# Ohio Buckeye Strikes



## Wildone (Dec 19, 2009)

I am humbled by Jeff ( Harleys ) generosity. His *Buckeyes* are *7-0 this Season*
and looking unstoppable so far. I am wondering if Jeff sent 7 items to represent their
Record so far, I am very grateful of his gesture.
I look forward to these and all will be enjoyed to the Fullest. 
*Many Many Thanks Jeff !







*


----------



## Phil from Chicago (May 6, 2012)

Nice freaking gesture... Shame it means nothing for the team though for two years due to sanctions!!


----------



## android (Feb 27, 2012)

holy habana!


----------



## Draepheus (Jun 22, 2012)

GO BLUE!


----------



## naajsmith (Jul 1, 2012)

Phil from Chicago said:


> Nice freaking gesture... Shame it means nothing for the team though for two years due to sanctions!!
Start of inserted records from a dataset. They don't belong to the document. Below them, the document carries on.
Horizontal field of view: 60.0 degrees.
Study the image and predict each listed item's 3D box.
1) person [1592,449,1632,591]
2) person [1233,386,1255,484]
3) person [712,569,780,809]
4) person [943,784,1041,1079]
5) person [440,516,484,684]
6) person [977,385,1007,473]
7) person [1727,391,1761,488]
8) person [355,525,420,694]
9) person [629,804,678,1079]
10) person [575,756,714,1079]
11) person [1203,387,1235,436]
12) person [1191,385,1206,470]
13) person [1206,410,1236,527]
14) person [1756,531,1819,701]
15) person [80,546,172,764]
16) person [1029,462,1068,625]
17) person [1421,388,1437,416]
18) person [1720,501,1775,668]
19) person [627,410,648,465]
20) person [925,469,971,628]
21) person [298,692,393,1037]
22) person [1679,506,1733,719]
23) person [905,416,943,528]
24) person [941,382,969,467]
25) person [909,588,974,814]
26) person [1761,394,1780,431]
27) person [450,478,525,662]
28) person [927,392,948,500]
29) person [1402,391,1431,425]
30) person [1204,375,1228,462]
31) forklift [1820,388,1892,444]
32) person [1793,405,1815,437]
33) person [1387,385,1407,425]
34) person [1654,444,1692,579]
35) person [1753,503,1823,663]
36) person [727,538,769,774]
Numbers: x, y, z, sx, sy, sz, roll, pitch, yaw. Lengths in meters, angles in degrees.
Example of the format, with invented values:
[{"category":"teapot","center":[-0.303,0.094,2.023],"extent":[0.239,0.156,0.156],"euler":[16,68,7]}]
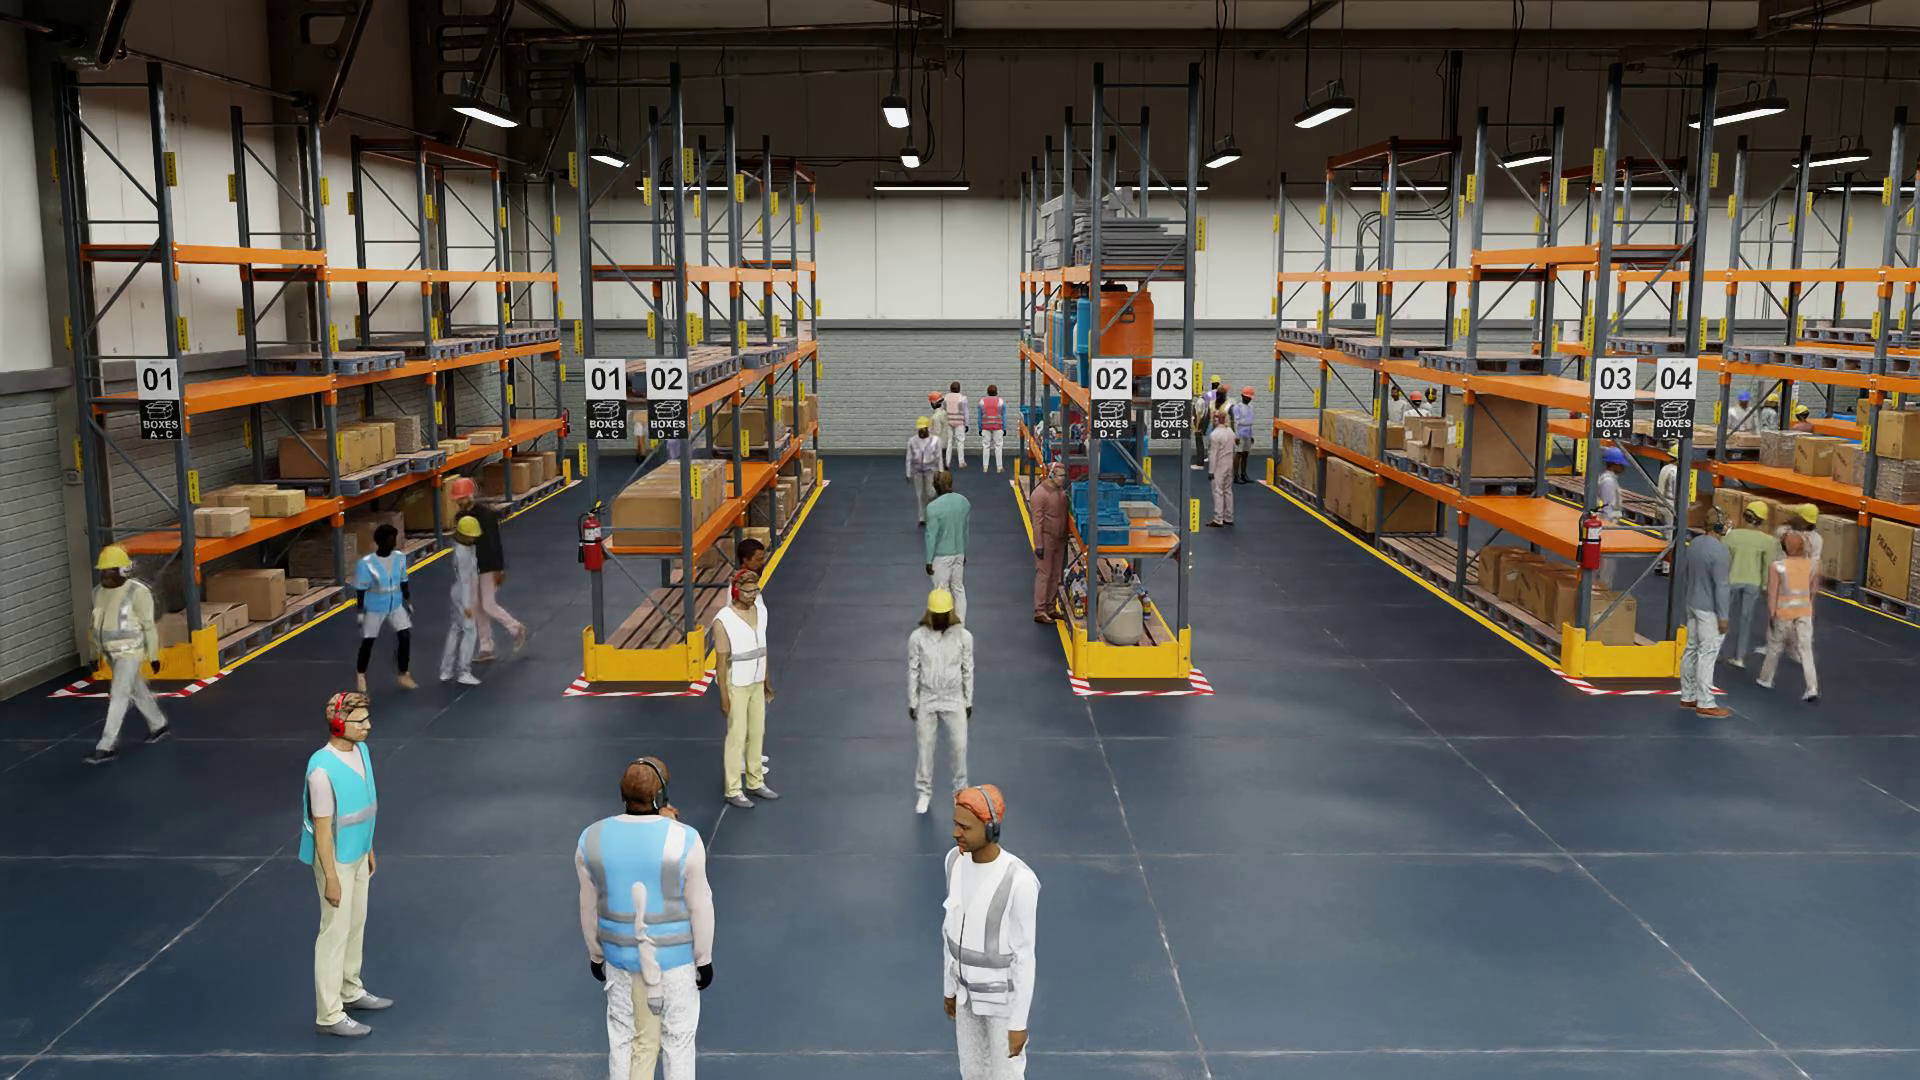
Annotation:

The bowl ban is only this year.

GO BUCKS!!!


----------



## harley33 (Mar 27, 2009)

Nathan is correct, only 1 year of "time out"... doesn't matter, once again the SEC is the class of the NCAA.... 'Bama appears that they would beat some NFL teams...

As far as the bomb goes, David hit me hard earlier in the summer with the best bottle of rum I have ever had and some stellar sticks. Just been watching what he is drinking and smoking and decided now was the time. The pleasure was mine.


----------



## Cypress (Jun 27, 2007)

A nice cuban selection. That is my favorite rum. Enjoy.


----------



## loulax07 (Dec 17, 2011)

Go Blue! Buck the ****eyes!


----------



## Michigan_Moose (Oct 11, 2011)

loulax07 said:


> Go Blue! Buck the ****eyes!


RG for you sir!


----------



## ATCarp (Sep 24, 2012)

Good to see another Columbus area Puffer!! I'm from Lewis Center!


----------



## RoRo (Jul 8, 2013)

Awesome!! A fellow cbus brother of the leaf


----------



## RoRo (Jul 8, 2013)

O-H...!!


----------



## loulax07 (Dec 17, 2011)

RoRo said:


> O-H...!!


I think that's the extent of which you can spell. It's ok, we're used to it.


----------



## GrouchyDog (Mar 12, 2013)

Another Buckeye here! :clap2:

I've heard that in Michigan, dictionaries are what holds up the broken end of the coffee table...


----------



## loulax07 (Dec 17, 2011)

What did the OSU grad say to the Michigan grad? “Welcome to McDonald’s. May I take your order please?”


----------



## GrouchyDog (Mar 12, 2013)

Q: How do you get a Michigan grad off of your front porch?

A: Pay him for the pizza.


----------



## loulax07 (Dec 17, 2011)

GrouchyDog said:


> Q: How do you get a Michigan grad off of your front porch?
> 
> A: Pay him for the pizza.


Sorry that's an anti-OSU joke from back in the day, but way to twist it around


----------



## bretted432 (Jul 4, 2013)

Very nice cuban selection


----------



## RoRo (Jul 8, 2013)

Loulax,
A Harvard fan, a Notre Dame fan, a Michigan fan, and an Ohio State fan stand around on the edge of the Grand Canyon, discussing football. They get to debating which one of them is a bigger fan. 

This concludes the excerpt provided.